Records excerpted from a collection
┄┄┄┄┄┄
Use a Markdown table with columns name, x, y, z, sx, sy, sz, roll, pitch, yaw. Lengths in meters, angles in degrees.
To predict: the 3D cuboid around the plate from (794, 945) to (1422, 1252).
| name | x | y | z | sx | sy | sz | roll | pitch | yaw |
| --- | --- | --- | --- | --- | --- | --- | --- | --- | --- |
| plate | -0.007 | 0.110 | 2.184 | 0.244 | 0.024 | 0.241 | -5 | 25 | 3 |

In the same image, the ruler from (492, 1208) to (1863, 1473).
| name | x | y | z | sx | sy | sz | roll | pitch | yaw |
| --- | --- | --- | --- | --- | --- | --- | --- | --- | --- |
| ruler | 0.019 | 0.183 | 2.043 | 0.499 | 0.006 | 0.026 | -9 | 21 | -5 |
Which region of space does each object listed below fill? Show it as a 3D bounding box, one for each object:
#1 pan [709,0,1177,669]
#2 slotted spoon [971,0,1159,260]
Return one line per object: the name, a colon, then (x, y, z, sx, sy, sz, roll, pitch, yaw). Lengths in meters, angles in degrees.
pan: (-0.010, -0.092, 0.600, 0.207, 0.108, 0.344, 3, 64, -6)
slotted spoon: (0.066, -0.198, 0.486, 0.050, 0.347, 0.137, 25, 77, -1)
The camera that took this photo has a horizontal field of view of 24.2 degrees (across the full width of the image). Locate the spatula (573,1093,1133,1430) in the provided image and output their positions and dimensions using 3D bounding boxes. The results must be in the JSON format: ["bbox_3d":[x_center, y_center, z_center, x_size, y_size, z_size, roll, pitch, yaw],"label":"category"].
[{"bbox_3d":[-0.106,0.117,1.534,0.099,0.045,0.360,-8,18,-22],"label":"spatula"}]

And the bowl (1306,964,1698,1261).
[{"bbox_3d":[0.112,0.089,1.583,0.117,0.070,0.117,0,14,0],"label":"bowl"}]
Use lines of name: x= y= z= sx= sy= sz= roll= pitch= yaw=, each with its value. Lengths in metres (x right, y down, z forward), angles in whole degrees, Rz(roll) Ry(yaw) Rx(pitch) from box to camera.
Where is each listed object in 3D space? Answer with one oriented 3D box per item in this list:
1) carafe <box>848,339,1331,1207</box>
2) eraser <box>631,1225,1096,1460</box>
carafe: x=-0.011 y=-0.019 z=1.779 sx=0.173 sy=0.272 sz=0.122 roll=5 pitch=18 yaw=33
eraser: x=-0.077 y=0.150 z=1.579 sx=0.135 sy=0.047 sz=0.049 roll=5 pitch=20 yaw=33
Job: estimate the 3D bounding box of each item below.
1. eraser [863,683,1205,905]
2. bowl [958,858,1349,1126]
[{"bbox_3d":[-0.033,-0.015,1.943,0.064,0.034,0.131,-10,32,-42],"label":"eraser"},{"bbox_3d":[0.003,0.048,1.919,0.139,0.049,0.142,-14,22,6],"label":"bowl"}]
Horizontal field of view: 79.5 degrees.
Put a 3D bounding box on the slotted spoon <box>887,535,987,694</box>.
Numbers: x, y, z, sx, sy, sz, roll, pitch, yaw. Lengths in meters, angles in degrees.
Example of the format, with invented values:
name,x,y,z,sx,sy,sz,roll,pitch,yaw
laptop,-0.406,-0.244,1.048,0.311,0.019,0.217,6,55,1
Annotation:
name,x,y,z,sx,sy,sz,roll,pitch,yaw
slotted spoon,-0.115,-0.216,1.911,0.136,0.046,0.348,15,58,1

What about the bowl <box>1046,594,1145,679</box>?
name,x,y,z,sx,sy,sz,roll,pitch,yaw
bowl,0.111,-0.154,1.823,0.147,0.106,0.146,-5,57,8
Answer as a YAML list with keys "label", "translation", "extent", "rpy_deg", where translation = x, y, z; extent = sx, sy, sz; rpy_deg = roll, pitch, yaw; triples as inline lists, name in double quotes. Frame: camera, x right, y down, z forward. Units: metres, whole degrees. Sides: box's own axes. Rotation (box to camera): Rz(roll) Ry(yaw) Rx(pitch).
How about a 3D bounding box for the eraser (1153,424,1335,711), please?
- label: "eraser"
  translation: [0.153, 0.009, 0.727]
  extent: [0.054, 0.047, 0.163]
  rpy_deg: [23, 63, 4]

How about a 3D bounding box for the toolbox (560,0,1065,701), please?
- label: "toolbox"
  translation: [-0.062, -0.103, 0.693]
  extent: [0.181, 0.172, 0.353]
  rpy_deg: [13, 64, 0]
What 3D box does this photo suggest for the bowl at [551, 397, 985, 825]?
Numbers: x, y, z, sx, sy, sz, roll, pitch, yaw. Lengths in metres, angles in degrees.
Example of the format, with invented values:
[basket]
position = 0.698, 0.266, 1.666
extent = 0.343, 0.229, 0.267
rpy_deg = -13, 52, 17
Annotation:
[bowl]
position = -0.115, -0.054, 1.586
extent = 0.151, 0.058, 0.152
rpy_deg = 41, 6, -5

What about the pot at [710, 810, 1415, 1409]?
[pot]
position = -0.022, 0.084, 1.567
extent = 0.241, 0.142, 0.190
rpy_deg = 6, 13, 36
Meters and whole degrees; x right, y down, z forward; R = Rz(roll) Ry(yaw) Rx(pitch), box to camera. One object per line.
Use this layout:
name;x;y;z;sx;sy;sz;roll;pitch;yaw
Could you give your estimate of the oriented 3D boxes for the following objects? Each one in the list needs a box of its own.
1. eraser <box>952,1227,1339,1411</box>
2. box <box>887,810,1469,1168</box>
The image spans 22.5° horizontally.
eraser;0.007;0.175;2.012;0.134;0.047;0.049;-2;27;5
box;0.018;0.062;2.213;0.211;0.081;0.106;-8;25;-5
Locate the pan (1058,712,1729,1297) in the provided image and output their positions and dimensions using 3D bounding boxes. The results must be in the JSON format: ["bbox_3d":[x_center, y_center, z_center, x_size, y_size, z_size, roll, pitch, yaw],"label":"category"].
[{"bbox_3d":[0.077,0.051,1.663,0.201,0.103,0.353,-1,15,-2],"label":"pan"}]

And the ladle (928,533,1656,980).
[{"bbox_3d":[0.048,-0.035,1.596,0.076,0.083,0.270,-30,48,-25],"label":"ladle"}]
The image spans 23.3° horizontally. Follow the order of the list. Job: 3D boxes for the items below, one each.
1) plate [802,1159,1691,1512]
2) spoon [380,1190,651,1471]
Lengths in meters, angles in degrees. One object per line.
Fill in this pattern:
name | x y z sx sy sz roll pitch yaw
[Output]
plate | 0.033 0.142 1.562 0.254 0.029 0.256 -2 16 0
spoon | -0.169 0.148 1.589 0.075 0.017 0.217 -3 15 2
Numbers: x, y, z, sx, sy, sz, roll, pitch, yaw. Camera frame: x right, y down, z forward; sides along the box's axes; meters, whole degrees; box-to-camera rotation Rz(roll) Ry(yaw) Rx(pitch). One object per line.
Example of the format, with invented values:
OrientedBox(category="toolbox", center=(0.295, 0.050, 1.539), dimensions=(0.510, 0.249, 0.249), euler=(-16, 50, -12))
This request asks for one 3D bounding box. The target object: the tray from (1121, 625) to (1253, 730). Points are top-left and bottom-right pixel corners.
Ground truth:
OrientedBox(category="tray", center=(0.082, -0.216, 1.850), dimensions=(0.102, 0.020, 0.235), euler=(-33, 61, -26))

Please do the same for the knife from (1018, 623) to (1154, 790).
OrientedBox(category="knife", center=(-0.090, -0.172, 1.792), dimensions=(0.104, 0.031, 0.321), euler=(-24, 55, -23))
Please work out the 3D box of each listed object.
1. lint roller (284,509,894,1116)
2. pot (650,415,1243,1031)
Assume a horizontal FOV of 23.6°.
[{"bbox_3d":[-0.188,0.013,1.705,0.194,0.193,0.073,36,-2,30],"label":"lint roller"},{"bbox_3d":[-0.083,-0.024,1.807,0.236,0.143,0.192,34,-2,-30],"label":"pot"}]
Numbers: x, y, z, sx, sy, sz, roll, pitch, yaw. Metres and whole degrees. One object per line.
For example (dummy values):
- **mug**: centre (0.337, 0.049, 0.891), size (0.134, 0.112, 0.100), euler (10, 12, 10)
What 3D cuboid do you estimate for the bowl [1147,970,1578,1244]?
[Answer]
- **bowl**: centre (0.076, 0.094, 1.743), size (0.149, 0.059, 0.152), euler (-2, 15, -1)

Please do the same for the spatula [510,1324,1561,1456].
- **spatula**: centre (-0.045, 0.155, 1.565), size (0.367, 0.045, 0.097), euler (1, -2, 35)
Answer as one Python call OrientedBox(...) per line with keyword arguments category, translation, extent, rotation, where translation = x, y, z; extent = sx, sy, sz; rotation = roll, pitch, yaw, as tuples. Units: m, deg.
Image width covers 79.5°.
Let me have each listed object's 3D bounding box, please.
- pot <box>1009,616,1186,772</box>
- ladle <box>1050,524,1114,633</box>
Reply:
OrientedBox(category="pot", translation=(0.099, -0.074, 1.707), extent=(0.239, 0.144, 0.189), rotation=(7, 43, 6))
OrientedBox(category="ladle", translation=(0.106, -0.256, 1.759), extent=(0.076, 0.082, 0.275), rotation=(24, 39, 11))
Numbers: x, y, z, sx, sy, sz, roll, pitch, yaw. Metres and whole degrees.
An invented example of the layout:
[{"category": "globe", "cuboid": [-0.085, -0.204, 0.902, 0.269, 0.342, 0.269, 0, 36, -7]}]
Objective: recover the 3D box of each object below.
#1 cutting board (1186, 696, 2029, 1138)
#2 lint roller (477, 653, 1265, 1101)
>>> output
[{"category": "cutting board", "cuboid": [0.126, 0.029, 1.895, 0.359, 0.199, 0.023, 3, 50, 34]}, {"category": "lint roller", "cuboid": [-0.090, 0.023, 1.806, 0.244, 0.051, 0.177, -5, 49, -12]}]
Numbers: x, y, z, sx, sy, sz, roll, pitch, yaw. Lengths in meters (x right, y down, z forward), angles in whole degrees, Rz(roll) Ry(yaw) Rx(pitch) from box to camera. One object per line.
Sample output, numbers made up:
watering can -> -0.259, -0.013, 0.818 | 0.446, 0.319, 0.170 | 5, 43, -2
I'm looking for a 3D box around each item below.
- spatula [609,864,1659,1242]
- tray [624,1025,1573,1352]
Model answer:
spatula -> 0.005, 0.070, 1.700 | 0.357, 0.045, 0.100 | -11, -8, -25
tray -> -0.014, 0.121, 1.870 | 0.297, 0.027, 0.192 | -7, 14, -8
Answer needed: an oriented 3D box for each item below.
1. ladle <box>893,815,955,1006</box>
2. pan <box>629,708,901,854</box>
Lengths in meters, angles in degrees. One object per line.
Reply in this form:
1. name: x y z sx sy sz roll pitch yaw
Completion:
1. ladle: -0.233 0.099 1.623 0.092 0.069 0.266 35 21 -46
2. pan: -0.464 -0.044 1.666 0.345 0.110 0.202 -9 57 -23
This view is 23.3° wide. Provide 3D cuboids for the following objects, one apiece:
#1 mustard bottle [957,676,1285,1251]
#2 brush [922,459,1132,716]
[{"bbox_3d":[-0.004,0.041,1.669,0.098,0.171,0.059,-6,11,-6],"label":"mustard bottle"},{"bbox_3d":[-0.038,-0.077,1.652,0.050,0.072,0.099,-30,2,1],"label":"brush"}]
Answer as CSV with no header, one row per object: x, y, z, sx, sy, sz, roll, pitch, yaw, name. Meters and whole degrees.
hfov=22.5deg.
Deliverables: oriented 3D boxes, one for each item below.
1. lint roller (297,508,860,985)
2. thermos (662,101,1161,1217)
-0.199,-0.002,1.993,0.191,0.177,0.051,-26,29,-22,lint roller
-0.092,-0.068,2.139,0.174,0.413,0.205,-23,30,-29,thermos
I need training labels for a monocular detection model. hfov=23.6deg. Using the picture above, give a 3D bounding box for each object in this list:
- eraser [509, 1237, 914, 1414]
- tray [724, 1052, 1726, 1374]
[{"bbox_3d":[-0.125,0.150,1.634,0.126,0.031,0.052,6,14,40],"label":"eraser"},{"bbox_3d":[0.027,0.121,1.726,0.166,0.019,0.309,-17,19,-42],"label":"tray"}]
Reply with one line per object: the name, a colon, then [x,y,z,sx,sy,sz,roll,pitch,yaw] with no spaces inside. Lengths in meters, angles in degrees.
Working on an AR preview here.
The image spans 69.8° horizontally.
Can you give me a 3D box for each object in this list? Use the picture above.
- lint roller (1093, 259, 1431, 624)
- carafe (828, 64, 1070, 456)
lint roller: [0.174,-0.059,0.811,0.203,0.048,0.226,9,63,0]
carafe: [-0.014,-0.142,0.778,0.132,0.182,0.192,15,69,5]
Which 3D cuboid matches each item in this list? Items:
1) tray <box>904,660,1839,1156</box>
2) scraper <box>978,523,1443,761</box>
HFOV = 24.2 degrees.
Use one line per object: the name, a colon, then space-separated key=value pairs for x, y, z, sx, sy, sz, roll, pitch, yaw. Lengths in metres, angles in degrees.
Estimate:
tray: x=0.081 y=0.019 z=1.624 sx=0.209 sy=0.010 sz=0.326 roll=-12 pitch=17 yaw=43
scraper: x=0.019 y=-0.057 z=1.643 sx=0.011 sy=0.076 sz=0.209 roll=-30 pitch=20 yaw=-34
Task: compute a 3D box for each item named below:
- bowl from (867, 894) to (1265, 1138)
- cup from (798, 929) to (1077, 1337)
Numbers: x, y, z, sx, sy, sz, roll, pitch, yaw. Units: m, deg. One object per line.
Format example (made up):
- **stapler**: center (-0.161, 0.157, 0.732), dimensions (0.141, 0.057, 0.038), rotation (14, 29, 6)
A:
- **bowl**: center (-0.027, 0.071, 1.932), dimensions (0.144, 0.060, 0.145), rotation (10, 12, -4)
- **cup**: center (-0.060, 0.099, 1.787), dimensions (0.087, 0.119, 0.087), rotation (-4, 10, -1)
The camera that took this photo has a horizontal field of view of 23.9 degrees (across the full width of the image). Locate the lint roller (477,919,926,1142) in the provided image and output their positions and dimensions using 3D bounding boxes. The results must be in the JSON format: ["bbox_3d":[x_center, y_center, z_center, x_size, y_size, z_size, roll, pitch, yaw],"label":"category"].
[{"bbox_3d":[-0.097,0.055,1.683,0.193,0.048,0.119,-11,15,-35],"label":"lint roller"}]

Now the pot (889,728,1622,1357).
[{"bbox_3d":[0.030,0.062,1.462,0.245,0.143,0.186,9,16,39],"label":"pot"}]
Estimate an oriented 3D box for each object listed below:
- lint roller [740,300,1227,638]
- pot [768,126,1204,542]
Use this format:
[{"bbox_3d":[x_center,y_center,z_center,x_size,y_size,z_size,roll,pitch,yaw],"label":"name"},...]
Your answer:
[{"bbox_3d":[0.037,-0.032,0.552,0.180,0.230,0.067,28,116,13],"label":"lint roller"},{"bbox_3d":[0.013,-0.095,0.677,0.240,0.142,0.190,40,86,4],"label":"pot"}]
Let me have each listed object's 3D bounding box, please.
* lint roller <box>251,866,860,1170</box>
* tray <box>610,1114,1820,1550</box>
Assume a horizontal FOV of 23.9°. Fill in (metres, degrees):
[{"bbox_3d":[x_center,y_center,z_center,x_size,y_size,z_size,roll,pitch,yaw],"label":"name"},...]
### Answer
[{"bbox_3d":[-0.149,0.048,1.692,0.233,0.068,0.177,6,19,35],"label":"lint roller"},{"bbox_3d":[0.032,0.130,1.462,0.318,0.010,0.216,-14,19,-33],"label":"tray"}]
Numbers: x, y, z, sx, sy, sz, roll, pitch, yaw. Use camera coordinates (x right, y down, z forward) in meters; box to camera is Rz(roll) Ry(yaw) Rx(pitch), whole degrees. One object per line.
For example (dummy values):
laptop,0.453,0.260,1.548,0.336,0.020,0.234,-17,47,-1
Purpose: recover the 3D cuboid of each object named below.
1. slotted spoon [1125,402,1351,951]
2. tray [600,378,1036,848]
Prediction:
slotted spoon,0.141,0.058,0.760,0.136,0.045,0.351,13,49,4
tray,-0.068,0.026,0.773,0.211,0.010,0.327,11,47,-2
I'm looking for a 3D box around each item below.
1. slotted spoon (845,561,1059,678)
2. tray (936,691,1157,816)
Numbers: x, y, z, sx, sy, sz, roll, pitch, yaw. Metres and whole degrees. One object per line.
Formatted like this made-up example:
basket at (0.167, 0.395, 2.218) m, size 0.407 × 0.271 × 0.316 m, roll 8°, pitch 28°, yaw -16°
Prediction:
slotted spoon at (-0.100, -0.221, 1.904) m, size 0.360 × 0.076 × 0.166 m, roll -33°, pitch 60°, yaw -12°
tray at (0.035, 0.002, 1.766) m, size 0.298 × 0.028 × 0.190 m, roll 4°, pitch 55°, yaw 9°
┄┄┄┄┄┄
## Exercise goal
Please copy every line in the entries where "above" appears.

## Output of the exercise
I need training labels for a monocular detection model. hfov=23.6deg. Using the picture above, give a 3D bounding box for each object in this list:
Can you give me a 3D box for each object in this list? Use the picture above.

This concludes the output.